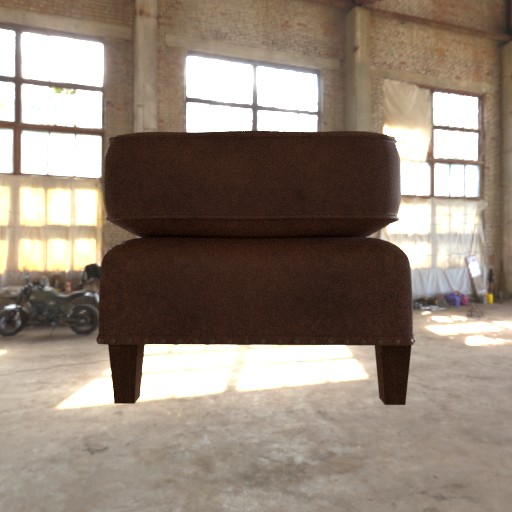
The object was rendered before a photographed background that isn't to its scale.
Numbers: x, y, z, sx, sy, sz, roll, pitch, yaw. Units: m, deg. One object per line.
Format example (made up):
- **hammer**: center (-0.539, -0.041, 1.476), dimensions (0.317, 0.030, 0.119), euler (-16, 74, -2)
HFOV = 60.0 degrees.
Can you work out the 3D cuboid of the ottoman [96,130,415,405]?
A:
- **ottoman**: center (0.000, 0.000, 1.151), dimensions (0.589, 0.537, 0.738), euler (0, 0, 1)
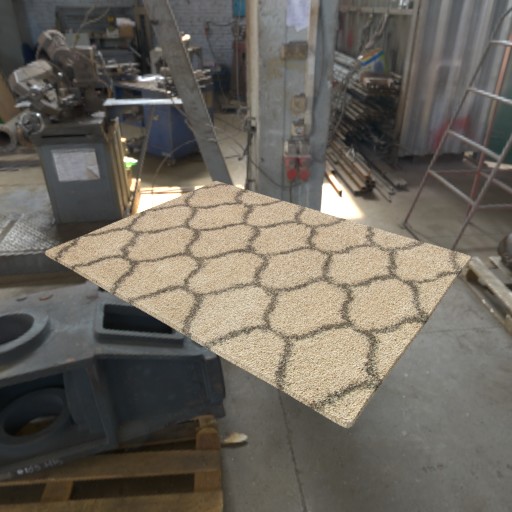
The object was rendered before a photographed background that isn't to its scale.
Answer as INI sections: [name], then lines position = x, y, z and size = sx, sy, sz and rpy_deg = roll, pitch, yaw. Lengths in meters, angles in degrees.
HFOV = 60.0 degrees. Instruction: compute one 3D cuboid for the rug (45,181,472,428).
[rug]
position = 0.000, 0.000, 2.065
size = 1.600, 0.025, 1.200
rpy_deg = 21, 36, 32
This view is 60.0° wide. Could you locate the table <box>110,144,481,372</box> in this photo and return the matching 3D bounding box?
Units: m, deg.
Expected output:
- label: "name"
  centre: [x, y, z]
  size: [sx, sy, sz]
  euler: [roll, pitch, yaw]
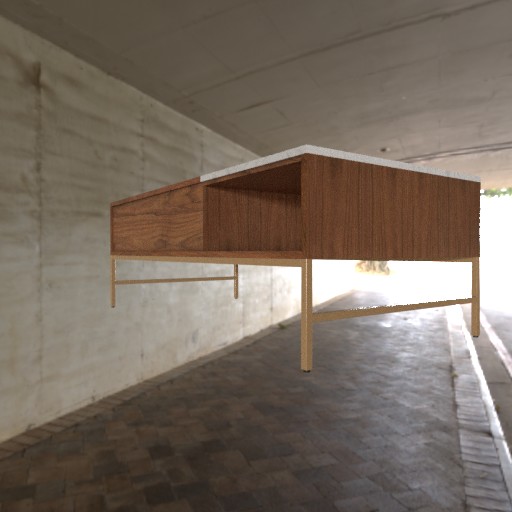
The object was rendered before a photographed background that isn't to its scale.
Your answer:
- label: "table"
  centre: [0.000, 0.000, 1.928]
  size: [0.789, 0.551, 1.553]
  euler: [0, 1, -35]
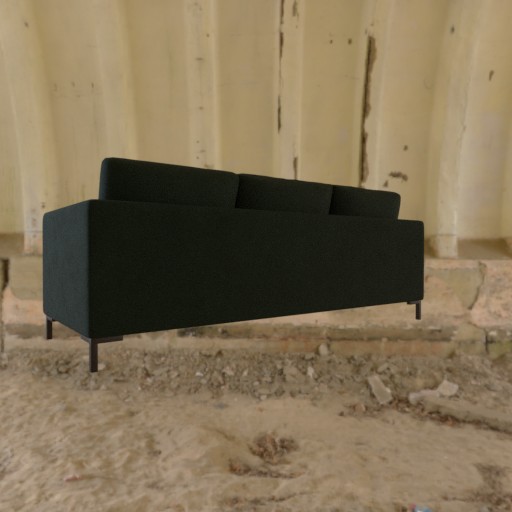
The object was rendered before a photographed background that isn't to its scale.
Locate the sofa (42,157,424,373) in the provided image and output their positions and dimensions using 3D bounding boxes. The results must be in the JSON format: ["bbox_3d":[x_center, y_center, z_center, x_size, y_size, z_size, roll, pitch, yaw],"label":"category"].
[{"bbox_3d":[0.000,0.000,2.674,2.218,0.870,0.859,-1,1,-37],"label":"sofa"}]
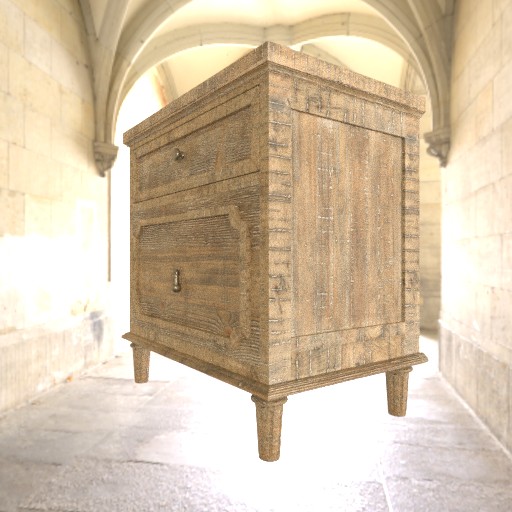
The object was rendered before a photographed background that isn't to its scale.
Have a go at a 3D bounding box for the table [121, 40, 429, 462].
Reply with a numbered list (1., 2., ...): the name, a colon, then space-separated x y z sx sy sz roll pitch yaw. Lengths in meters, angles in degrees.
1. table: 0.000 0.000 1.127 0.457 0.711 0.686 0 0 -36
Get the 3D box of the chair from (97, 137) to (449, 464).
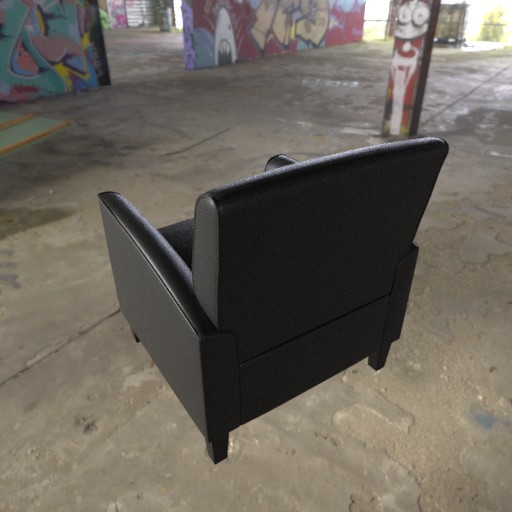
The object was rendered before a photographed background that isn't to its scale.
[{"bbox_3d":[0.000,0.000,1.544,0.820,0.916,0.819,-19,36,-28],"label":"chair"}]
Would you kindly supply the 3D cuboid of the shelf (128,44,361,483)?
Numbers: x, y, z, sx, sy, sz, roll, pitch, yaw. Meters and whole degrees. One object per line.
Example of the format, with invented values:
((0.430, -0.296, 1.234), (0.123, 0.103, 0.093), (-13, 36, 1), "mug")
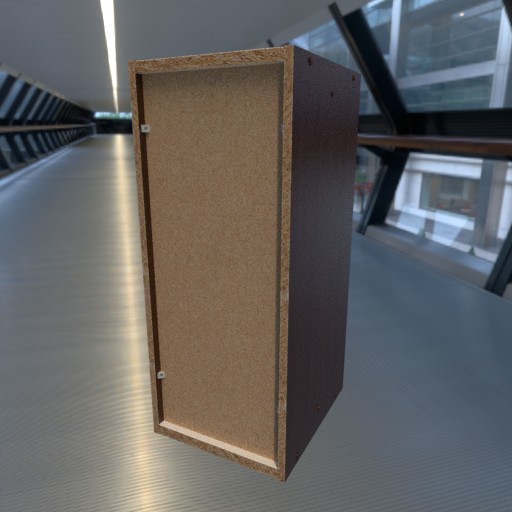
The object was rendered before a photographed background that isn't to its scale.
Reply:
((0.000, 0.000, 0.762), (0.253, 0.600, 0.290), (8, 17, 27), "shelf")
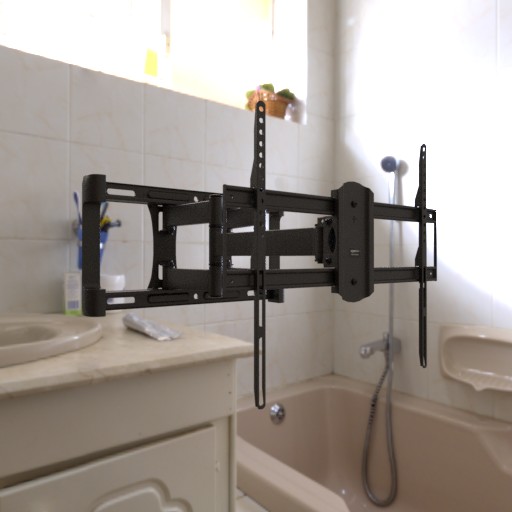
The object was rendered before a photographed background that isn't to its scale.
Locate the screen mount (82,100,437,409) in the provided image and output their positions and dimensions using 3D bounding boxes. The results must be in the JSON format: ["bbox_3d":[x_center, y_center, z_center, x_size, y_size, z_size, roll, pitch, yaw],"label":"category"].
[{"bbox_3d":[0.000,0.000,0.945,0.571,0.424,0.556,0,0,-36],"label":"screen mount"}]

- EXERCISE
Your task is to repeat the records exactly. Images do not belong in the copy.

- SOLVED EXERCISE
The object was rendered before a photographed background that isn't to its scale.
Numbers: x, y, z, sx, sy, sz, roll, pitch, yaw. Units: m, deg. One object per line.
Format example (made up):
- **hammer**: center (-0.539, -0.041, 1.476), dimensions (0.317, 0.030, 0.119), euler (-16, 74, -2)
HFOV = 60.0 degrees.
Can you work out the 3D cuboid of the ottoman [96,130,415,405]?
A:
- **ottoman**: center (0.000, 0.000, 1.151), dimensions (0.589, 0.537, 0.738), euler (0, 0, 1)
The object was rendered before a photographed background that isn't to its scale.
Answer as INI sections: [name], then lines position = x, y, z and size = sx, sy, sz and rpy_deg = roll, pitch, yaw. Lengths in meters, angles in degrees.
HFOV = 60.0 degrees. Instruction: compute one 3D cuboid for the rug (45,181,472,428).
[rug]
position = 0.000, 0.000, 2.065
size = 1.600, 0.025, 1.200
rpy_deg = 21, 36, 32
This view is 60.0° wide. Could you locate the table <box>110,144,481,372</box> in this photo and return the matching 3D bounding box?
Units: m, deg.
Expected output:
- label: "name"
  centre: [x, y, z]
  size: [sx, sy, sz]
  euler: [roll, pitch, yaw]
The object was rendered before a photographed background that isn't to its scale.
Your answer:
- label: "table"
  centre: [0.000, 0.000, 1.928]
  size: [0.789, 0.551, 1.553]
  euler: [0, 1, -35]
The object was rendered before a photographed background that isn't to its scale.
Locate the sofa (42,157,424,373) in the provided image and output their positions and dimensions using 3D bounding boxes. The results must be in the JSON format: ["bbox_3d":[x_center, y_center, z_center, x_size, y_size, z_size, roll, pitch, yaw],"label":"category"].
[{"bbox_3d":[0.000,0.000,2.674,2.218,0.870,0.859,-1,1,-37],"label":"sofa"}]
The object was rendered before a photographed background that isn't to its scale.
Have a go at a 3D bounding box for the table [121, 40, 429, 462].
Reply with a numbered list (1., 2., ...): the name, a colon, then space-separated x y z sx sy sz roll pitch yaw. Lengths in meters, angles in degrees.
1. table: 0.000 0.000 1.127 0.457 0.711 0.686 0 0 -36
Get the 3D box of the chair from (97, 137) to (449, 464).
The object was rendered before a photographed background that isn't to its scale.
[{"bbox_3d":[0.000,0.000,1.544,0.820,0.916,0.819,-19,36,-28],"label":"chair"}]
Would you kindly supply the 3D cuboid of the shelf (128,44,361,483)?
Numbers: x, y, z, sx, sy, sz, roll, pitch, yaw. Meters and whole degrees. One object per line.
Example of the format, with invented values:
((0.430, -0.296, 1.234), (0.123, 0.103, 0.093), (-13, 36, 1), "mug")
The object was rendered before a photographed background that isn't to its scale.
Reply:
((0.000, 0.000, 0.762), (0.253, 0.600, 0.290), (8, 17, 27), "shelf")
The object was rendered before a photographed background that isn't to its scale.
Locate the screen mount (82,100,437,409) in the provided image and output their positions and dimensions using 3D bounding boxes. The results must be in the JSON format: ["bbox_3d":[x_center, y_center, z_center, x_size, y_size, z_size, roll, pitch, yaw],"label":"category"].
[{"bbox_3d":[0.000,0.000,0.945,0.571,0.424,0.556,0,0,-36],"label":"screen mount"}]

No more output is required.